SUPPLIED MATERIAL:

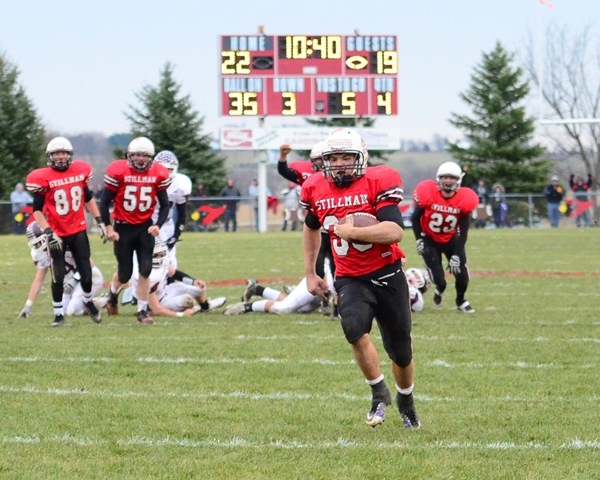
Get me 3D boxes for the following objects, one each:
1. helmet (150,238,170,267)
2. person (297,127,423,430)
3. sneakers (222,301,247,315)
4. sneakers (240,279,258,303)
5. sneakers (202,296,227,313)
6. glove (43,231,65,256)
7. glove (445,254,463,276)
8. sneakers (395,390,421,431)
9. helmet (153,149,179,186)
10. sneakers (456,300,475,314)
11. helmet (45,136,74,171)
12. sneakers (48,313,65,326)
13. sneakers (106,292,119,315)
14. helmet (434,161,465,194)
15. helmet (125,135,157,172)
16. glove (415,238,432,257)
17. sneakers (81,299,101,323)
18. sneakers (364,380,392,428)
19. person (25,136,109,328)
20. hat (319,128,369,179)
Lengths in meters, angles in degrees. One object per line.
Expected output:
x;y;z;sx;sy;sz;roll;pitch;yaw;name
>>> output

WORK REQUIRED: Would you please reproduce every line from the one containing "11. helmet (45,136,74,171)" through the final line of the listing, and only those lines?

YOUR SOLUTION:
11. helmet (45,136,74,171)
12. sneakers (48,313,65,326)
13. sneakers (106,292,119,315)
14. helmet (434,161,465,194)
15. helmet (125,135,157,172)
16. glove (415,238,432,257)
17. sneakers (81,299,101,323)
18. sneakers (364,380,392,428)
19. person (25,136,109,328)
20. hat (319,128,369,179)
Lengths in meters, angles in degrees. One object per line.
Expected output:
x;y;z;sx;sy;sz;roll;pitch;yaw;name
>>> output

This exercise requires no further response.